Le détroit d’Ormuz est redevenu le centre du monde énergétique depuis que les États-Unis et Israël ont commencé à bombarder l’Iran ce week-end.
En représailles, le Corps des Gardiens de la révolution islamique du régime a tiré des missiles sur des navires à proximité d’un point critique du commerce mondial de l’énergie, stoppant ainsi le trafic maritime dans la région.
Bien que l’Iran n’ait pas encore pris de mesures plus agressives qui pourraient conduire à un blocus du détroit, les principales compagnies maritimes évitent le blocus par mesure de précaution, ce qui fait grimper les prix du pétrole.
Selon l’Energy Information Administration des États-Unis, 20 millions de barils de pétrole en moyenne transitent chaque jour par le détroit, ce qui représente environ 20 % de la consommation mondiale de pétrole liquide et environ un quart du commerce mondial de pétrole par voie maritime.
Outre le pétrole, environ un cinquième du commerce mondial de gaz naturel liquéfié passe également par le détroit d’Ormuz, principalement en provenance du Qatar, selon l’EIA.
Compte tenu de son importance pour le commerce de l’énergie, la fermeture du détroit entraînerait une perturbation massive du marché. Les analystes estiment que les prix du pétrole pourraient atteindre 100 dollars le baril.
La fermeture pourrait impliquer l’utilisation de mines, de navires de patrouille, d’avions, de missiles de croisière et de sous-marins diesel. La marine américaine dispose d’un grand nombre de navires dans la région, mais la traversée du détroit pourrait prendre des semaines, voire des mois.

Mehmet Yaren Bozgun — Anadolu/Getty Images
Mais il existe des itinéraires alternatifs qui peuvent contribuer à atténuer certains des effets des fermetures.
Par exemple, le géant énergétique public Saudi Aramco exploite un oléoduc est-ouest depuis son centre de traitement du pétrole d’Abqaiq, près du golfe Persique, jusqu’au port de Yanbu sur la mer Rouge, selon l’EIA.
Les Émirats arabes unis exploitent un autre pipeline qui relie les champs pétroliers terrestres au terminal d’exportation de Fujairah, dans le golfe d’Oman, en contournant le détroit d’Ormuz.
L’EIA estime que 2,6 millions de barils par jour pourraient être détournés du détroit d’Ormuz à l’aide du pipeline Arabie Saoudite-EAU.
Cela se compare aux 5,5 millions de barils par jour de pétrole brut et de condensats exportés par l’Arabie saoudite via le détroit en 2024.
L’Iran dispose également de pipelines et de terminaux d’exportation dans le golfe d’Oman, ce qui pourrait lui permettre de contourner le détroit d’Ormuz.

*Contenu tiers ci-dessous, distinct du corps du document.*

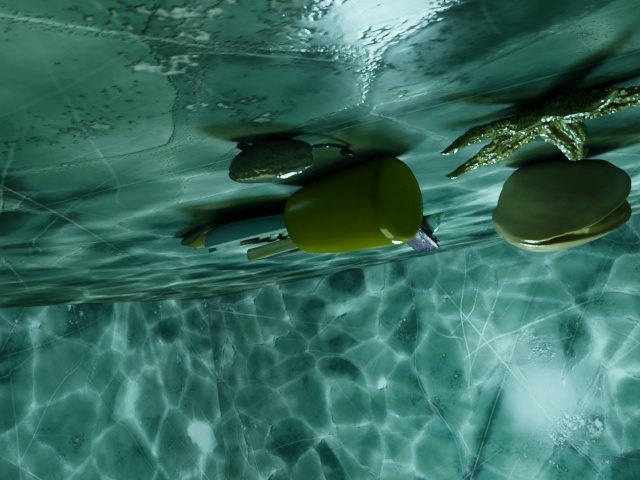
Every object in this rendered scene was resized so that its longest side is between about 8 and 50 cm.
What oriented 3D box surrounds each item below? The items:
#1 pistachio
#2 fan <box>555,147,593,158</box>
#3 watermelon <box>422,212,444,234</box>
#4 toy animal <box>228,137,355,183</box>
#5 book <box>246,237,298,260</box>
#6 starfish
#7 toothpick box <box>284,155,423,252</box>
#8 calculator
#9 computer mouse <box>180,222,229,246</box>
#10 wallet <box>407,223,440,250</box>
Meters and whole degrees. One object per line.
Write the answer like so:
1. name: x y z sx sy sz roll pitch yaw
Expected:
1. pistachio: 0.576 -0.086 1.400 0.321 0.238 0.229 -16 131 7
2. fan: 0.584 -0.205 1.334 0.085 0.005 0.133 -11 172 19
3. watermelon: 0.370 -0.055 2.003 0.094 0.081 0.180 -33 -173 -22
4. toy animal: -0.036 -0.141 0.955 0.253 0.070 0.079 -18 -147 -32
5. book: 0.000 0.000 1.639 0.300 0.039 0.428 -16 177 12
6. starfish: 0.368 -0.190 0.946 0.358 0.078 0.347 -6 172 -17
7. toothpick box: 0.056 -0.061 1.193 0.271 0.175 0.175 -12 172 41
8. calculator: -0.098 -0.030 1.473 0.386 0.054 0.256 -9 176 -8
9. computer mouse: -0.315 -0.006 1.605 0.102 0.044 0.199 0 167 -37
10. wallet: 0.317 -0.018 1.973 0.166 0.030 0.111 39 143 -28
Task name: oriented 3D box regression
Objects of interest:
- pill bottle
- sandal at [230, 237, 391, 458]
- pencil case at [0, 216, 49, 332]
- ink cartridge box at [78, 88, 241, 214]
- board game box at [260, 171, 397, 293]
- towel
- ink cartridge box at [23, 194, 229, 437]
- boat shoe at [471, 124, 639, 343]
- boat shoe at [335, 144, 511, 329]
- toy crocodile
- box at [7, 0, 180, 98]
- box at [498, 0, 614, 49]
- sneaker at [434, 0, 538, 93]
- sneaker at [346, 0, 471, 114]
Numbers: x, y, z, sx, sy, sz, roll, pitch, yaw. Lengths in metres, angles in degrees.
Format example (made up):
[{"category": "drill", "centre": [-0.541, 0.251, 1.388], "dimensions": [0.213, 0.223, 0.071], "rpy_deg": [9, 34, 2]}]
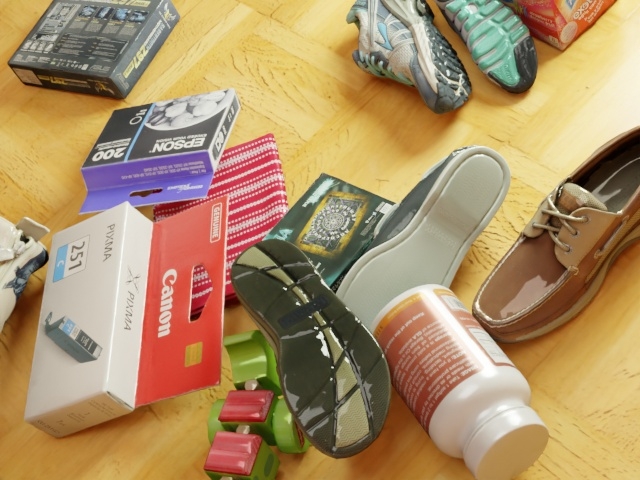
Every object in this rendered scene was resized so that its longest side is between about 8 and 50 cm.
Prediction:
[{"category": "pill bottle", "centre": [0.150, 0.157, 1.321], "dimensions": [0.121, 0.121, 0.216], "rpy_deg": [-34, 49, -3]}, {"category": "sandal", "centre": [-0.007, 0.120, 1.378], "dimensions": [0.120, 0.086, 0.302], "rpy_deg": [-21, 50, -9]}, {"category": "pencil case", "centre": [-0.505, 0.142, 1.588], "dimensions": [0.183, 0.160, 0.410], "rpy_deg": [-26, 37, 50]}, {"category": "ink cartridge box", "centre": [-0.233, -0.128, 1.728], "dimensions": [0.206, 0.045, 0.208], "rpy_deg": [-7, 41, 20]}, {"category": "board game box", "centre": [0.000, 0.000, 1.546], "dimensions": [0.126, 0.026, 0.186], "rpy_deg": [26, 60, 29]}, {"category": "towel", "centre": [-0.137, -0.019, 1.642], "dimensions": [0.199, 0.031, 0.274], "rpy_deg": [-19, 50, 9]}, {"category": "ink cartridge box", "centre": [-0.246, 0.081, 1.557], "dimensions": [0.261, 0.066, 0.296], "rpy_deg": [-21, 49, 25]}, {"category": "boat shoe", "centre": [0.291, -0.018, 1.394], "dimensions": [0.324, 0.116, 0.123], "rpy_deg": [-44, 50, -12]}, {"category": "boat shoe", "centre": [0.115, 0.014, 1.469], "dimensions": [0.302, 0.114, 0.091], "rpy_deg": [-46, 10, -5]}, {"category": "toy crocodile", "centre": [-0.090, 0.261, 1.359], "dimensions": [0.115, 0.105, 0.340], "rpy_deg": [-3, 54, 22]}, {"category": "box", "centre": [-0.366, -0.323, 1.954], "dimensions": [0.233, 0.059, 0.183], "rpy_deg": [11, 61, 31]}, {"category": "box", "centre": [0.271, -0.387, 1.676], "dimensions": [0.122, 0.128, 0.257], "rpy_deg": [-44, 50, -11]}, {"category": "sneaker", "centre": [0.228, -0.288, 1.662], "dimensions": [0.083, 0.098, 0.223], "rpy_deg": [-33, 73, 5]}, {"category": "sneaker", "centre": [0.116, -0.256, 1.682], "dimensions": [0.122, 0.110, 0.283], "rpy_deg": [-37, 44, 18]}]
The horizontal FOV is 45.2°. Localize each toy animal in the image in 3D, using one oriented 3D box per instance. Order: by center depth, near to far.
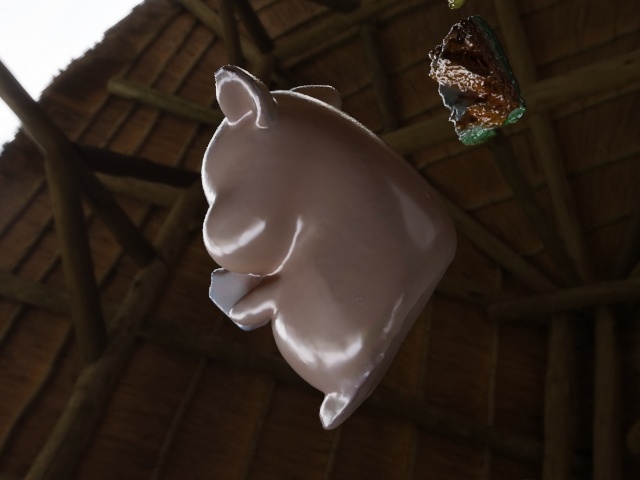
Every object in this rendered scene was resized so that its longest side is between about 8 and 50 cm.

Le pipeline a une capacité d’environ 300 000 barils par jour, mais sa consommation réelle est bien inférieure. Selon l’EIA, au cours de l’été 2024, l’Iran a exporté moins de 70 000 barils par jour via des routes alternatives et a arrêté de charger des marchandises à partir de septembre 2024.
En revanche, la plupart des exportations pétrolières iraniennes, qui s’élevaient en moyenne à environ 1,9 million de barils par jour en décembre, transitent par le détroit d’Ormuz.
De nombreux analystes estiment qu’il est peu probable que l’Iran ferme le détroit. Parce que cela détruirait par la même occasion leurs propres économies et pourrait potentiellement provoquer une réponse dévastatrice de la part des États-Unis.
Kenneth Pollack, ancien analyste militaire de la CIA pour le golfe Persique et ancien directeur du Conseil de sécurité nationale pour les affaires du golfe Persique, a prédit dans un article paru dans Foreign Affairs en juin dernier que le blocus du détroit transformerait rapidement l’Iran de « victime sympathique à ennemi dangereux pour de nombreux pays », tandis que les pays occidentaux, et peut-être même la Chine, utiliseraient la force pour rouvrir le détroit.
Une version précédente de cet article a été publiée le 23 juin 2025.